Segment Open

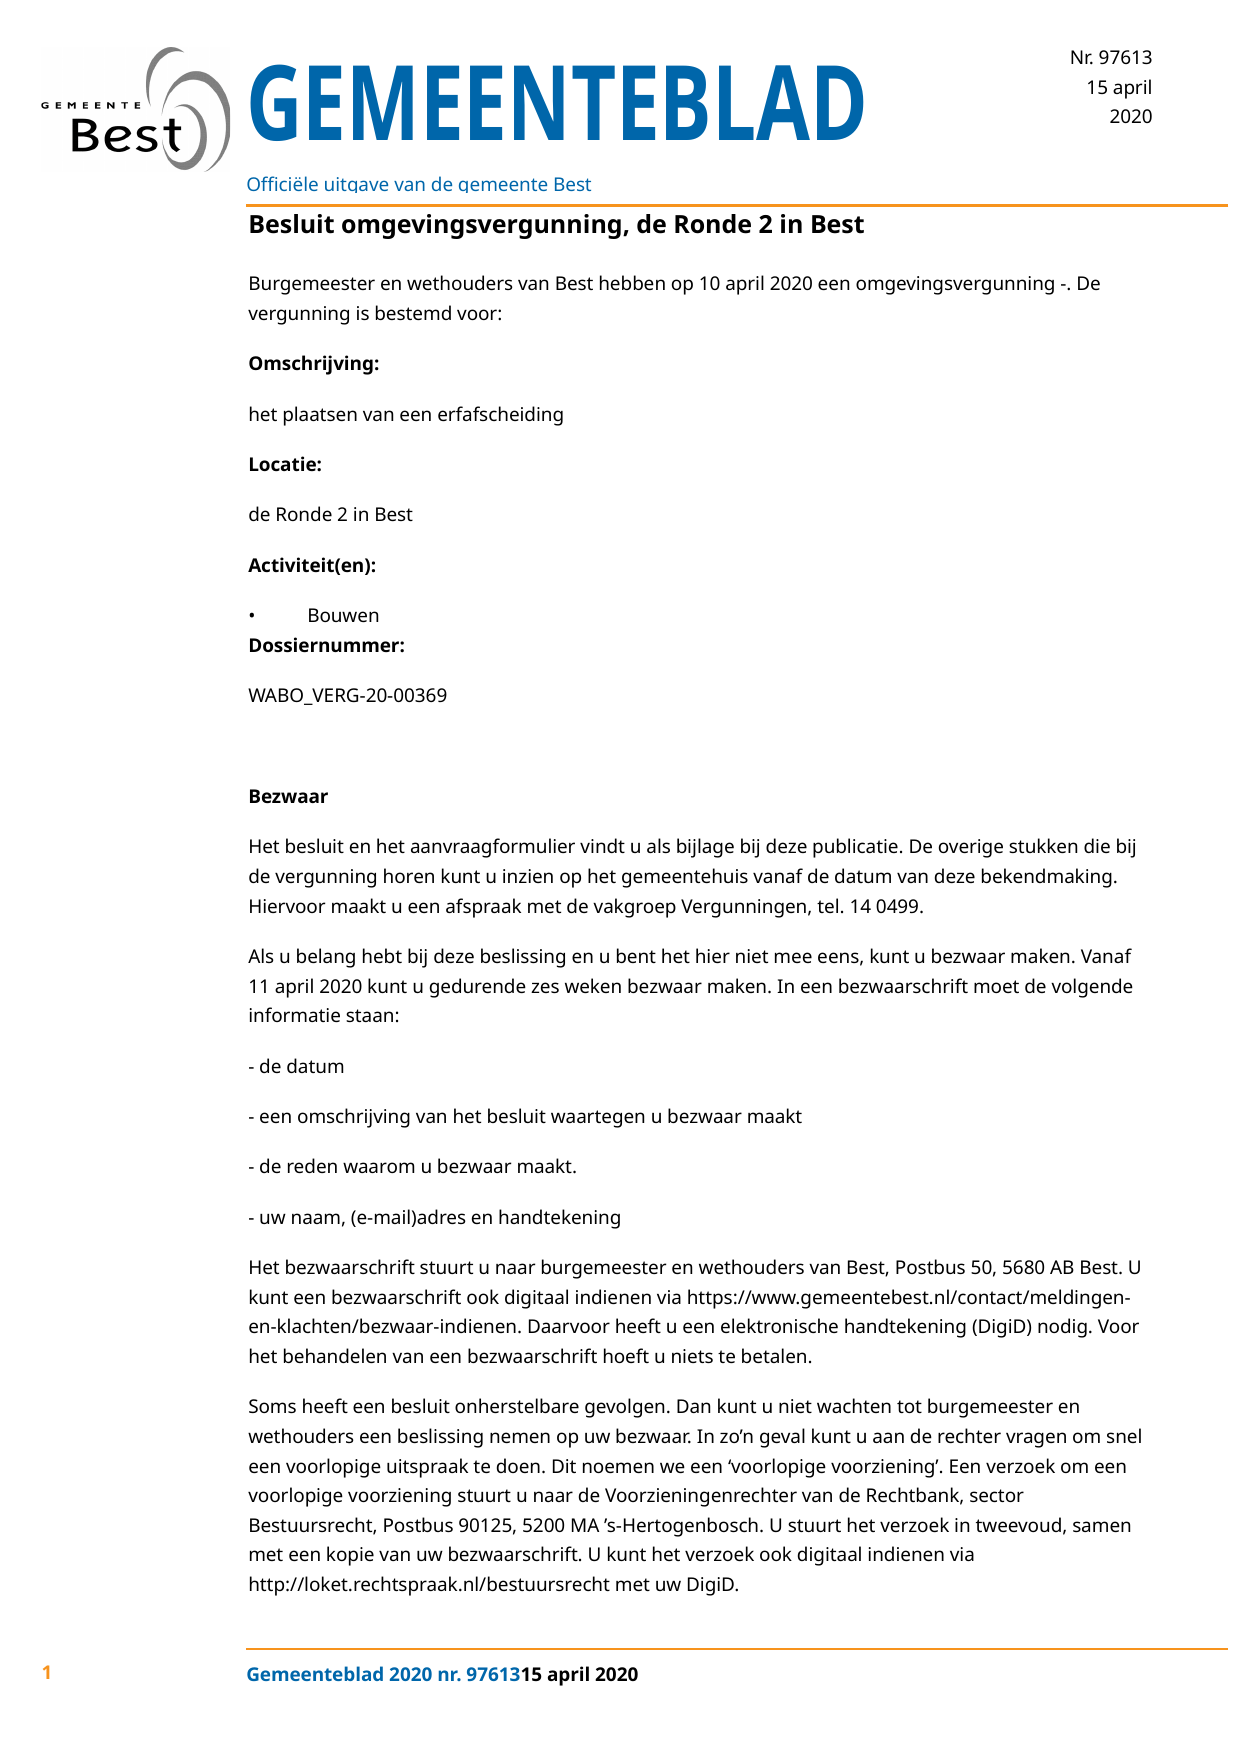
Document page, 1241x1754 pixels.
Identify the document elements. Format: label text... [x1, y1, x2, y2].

picture [41, 47, 231, 172]
text Besluit omgevingsvergunning, de Ronde 2 in Best [248, 207, 1152, 241]
text - uw naam, (e-mail)adres en handtekening [248, 1204, 1152, 1230]
text - de datum [248, 1053, 1152, 1078]
text - een omschrijving van het besluit waartegen u bezwaar maakt [248, 1103, 1152, 1129]
text Dossiernummer: [248, 632, 1152, 658]
text Activiteit(en): [248, 552, 1152, 578]
text Het bezwaarschrift stuurt u naar burgemeester en wethouders van Best, Postbus 50, 5680 AB Best. U kunt een bezwaarschrift ook digitaal indienen via https://www.gemeentebest.nl/contact/meldingen-en-klachten/bezwaar-indienen. Daarvoor heeft u een elektronische handtekening (DigiD) nodig. Voor het behandelen van een bezwaarschrift hoeft u niets te betalen. [248, 1254, 1152, 1369]
text Als u belang hebt bij deze beslissing en u bent het hier niet mee eens, kunt u bezwaar maken. Vanaf 11 april 2020 kunt u gedurende zes weken bezwaar maken. In een bezwaarschrift moet de volgende informatie staan: [248, 943, 1152, 1028]
text WABO_VERG-20-00369 [248, 682, 1152, 708]
text Soms heeft een besluit onherstelbare gevolgen. Dan kunt u niet wachten tot burgemeester en wethouders een beslissing nemen op uw bezwaar. In zo’n geval kunt u aan de rechter vragen om snel een voorlopige uitspraak te doen. Dit noemen we een ‘voorlopige voorziening’. Een verzoek om een voorlopige voorziening stuurt u naar de Voorzieningenrechter van de Rechtbank, sector Bestuursrecht, Postbus 90125, 5200 MA ’s-Hertogenbosch. U stuurt het verzoek in tweevoud, samen met een kopie van uw bezwaarschrift. U kunt het verzoek ook digitaal indienen via http://loket.rechtspraak.nl/bestuursrecht met uw DigiD. [248, 1394, 1152, 1597]
text - de reden waarom u bezwaar maakt. [248, 1154, 1152, 1179]
text Omschrijving: [248, 350, 1152, 376]
text Burgemeester en wethouders van Best hebben op 10 april 2020 een omgevingsvergunning -. De vergunning is bestemd voor: [248, 270, 1152, 326]
text Bezwaar [248, 783, 1152, 809]
text de Ronde 2 in Best [248, 502, 1152, 527]
text het plaatsen van een erfafscheiding [248, 401, 1152, 426]
text Locatie: [248, 451, 1152, 477]
list Bouwen [248, 602, 1152, 628]
text Het besluit en het aanvraagformulier vindt u als bijlage bij deze publicatie. De overige stukken die bij de vergunning horen kunt u inzien op het gemeentehuis vanaf de datum van deze bekendmaking. Hiervoor maakt u een afspraak met de vakgroep Vergunningen, tel. 14 0499. [248, 834, 1152, 918]

Segment Closed

## EXERCISE DETAILS
Set the lines above down again, word for word, from the first through the one containing "text Activiteit(en): [248, 552, 1152, 578]"; pictures excluded.

## RESULT FOR THIS TASK
Document page, 1241x1754 pixels.
Identify the document elements. Format: label text... [x1, y1, x2, y2].

picture [41, 47, 231, 172]
text Besluit omgevingsvergunning, de Ronde 2 in Best [248, 207, 1152, 241]
text - uw naam, (e-mail)adres en handtekening [248, 1204, 1152, 1230]
text - de datum [248, 1053, 1152, 1078]
text - een omschrijving van het besluit waartegen u bezwaar maakt [248, 1103, 1152, 1129]
text Dossiernummer: [248, 632, 1152, 658]
text Activiteit(en): [248, 552, 1152, 578]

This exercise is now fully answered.